If you are reusing a local tt-mlir checkout, create the expected mirror path:

cd /workspace/xla-dev/tt-xla
mkdir -p third_party/tt-mlir/src
ln -sfn /workspace/xla-dev/tt-mlir third_party/tt-mlir/src/tt-mlir
ls -l /workspace/xla-dev/tt-mlir/env/CMakeLists.txt

Then clean the stale external-project artifacts and rebuild:

rm -rf build third_party/tt-mlir/src/tt-mlir-stamp

cmake -G Ninja -B build \
-DTT_MLIR_VERSION=develop \
-DUSE_BOS_SEMI_TTMLIR=ON \
-DUSE_CUSTOM_TT_MLIR_VERSION=ON \
-DUSE_BOS_REPO=ON

cmake --build build --verbose

If /workspace/xla-dev/tt-mlir/env/CMakeLists.txt is missing in the real checkout, stop there: that usually means the tt-mlir branch is incompatible with the tt-xla revision you are using.

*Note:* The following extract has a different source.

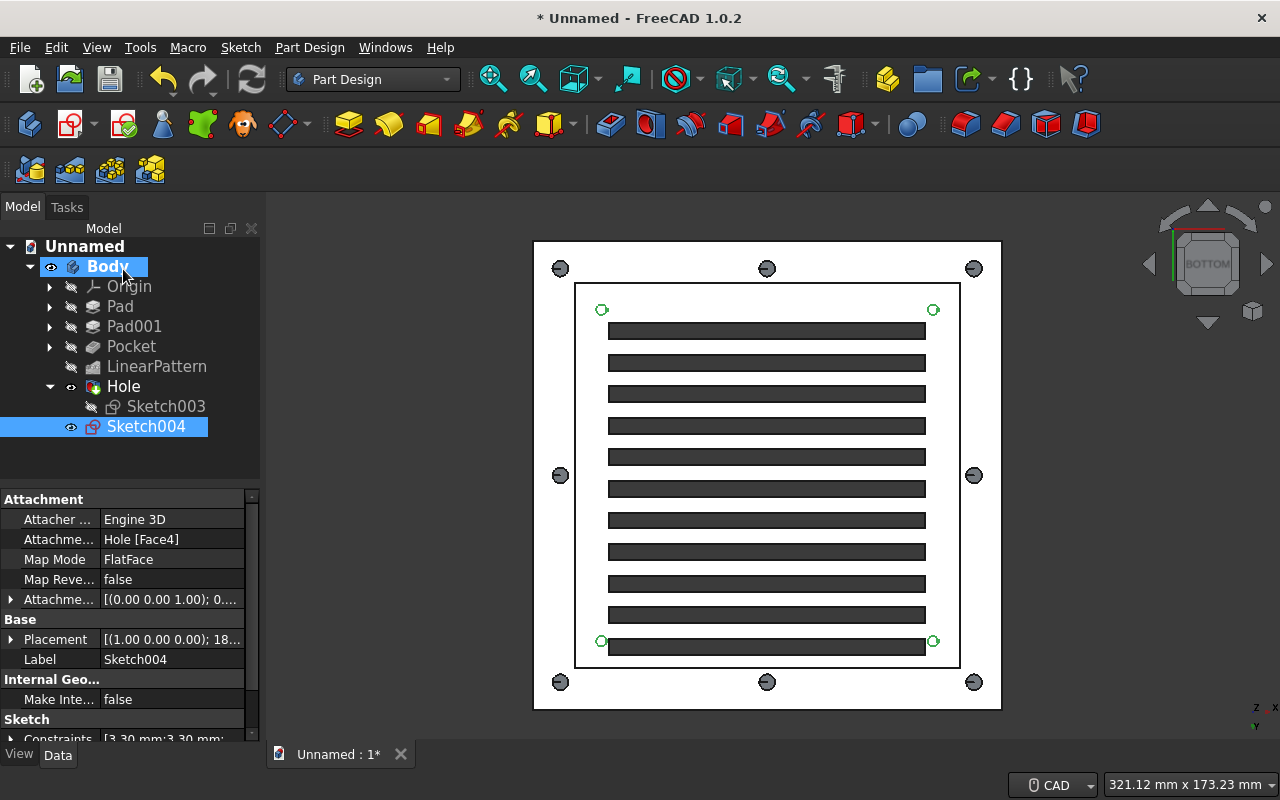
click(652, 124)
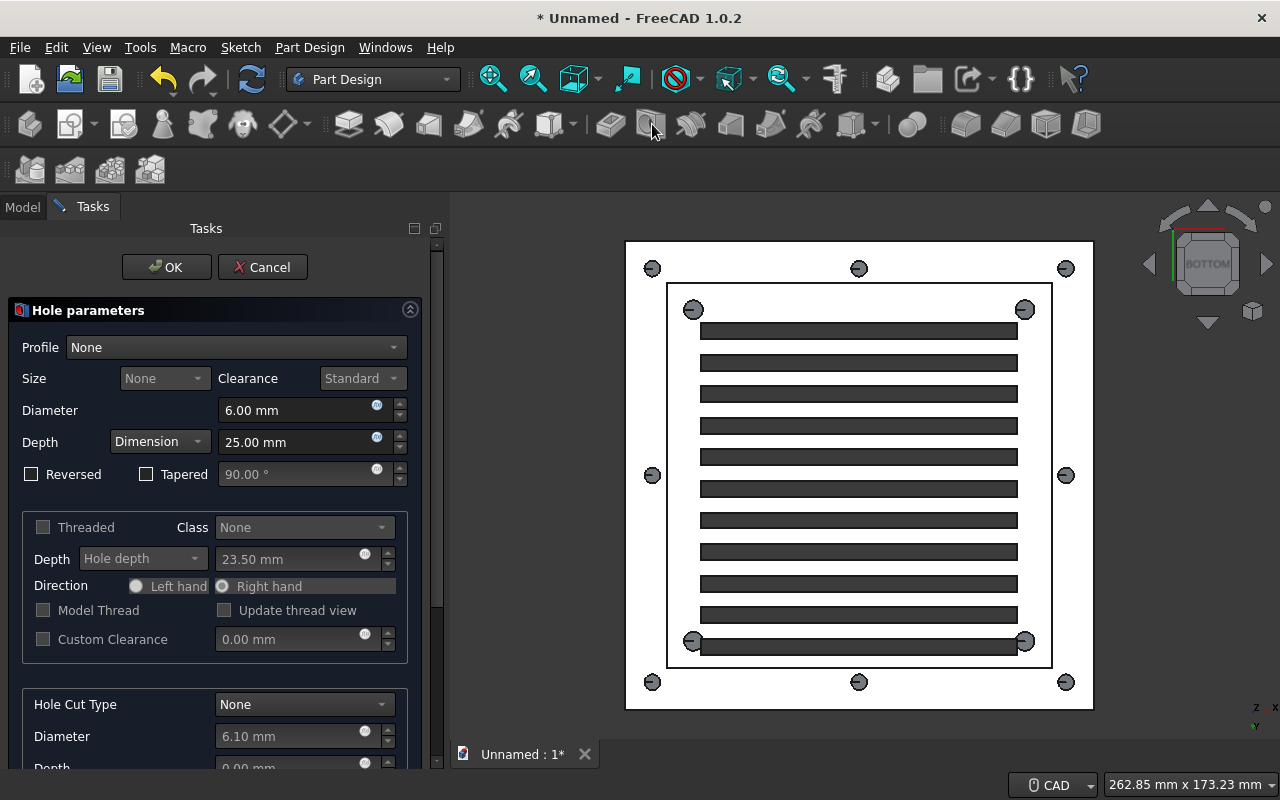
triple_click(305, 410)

Verify mounts before debugging the build

This quick check from the trials page is worth repeating whenever the container is recreated:

ls -la /workspace/xla-dev/tt-xla
ls -la /workspace/xla-dev/tt-mlir
ls -la /workspace/tt-metal

If any of these are missing, fix the mount configuration first.

core_assignment.cpp unused-variable build failure

This is a known BOS issue from the local Confluence snapshot. If it appears in your environment, patch the affected variables with [[maybe_unused]] and rebuild. Keep this as a targeted fix; do not apply it pre-emptively unless your build actually hits that compiler error.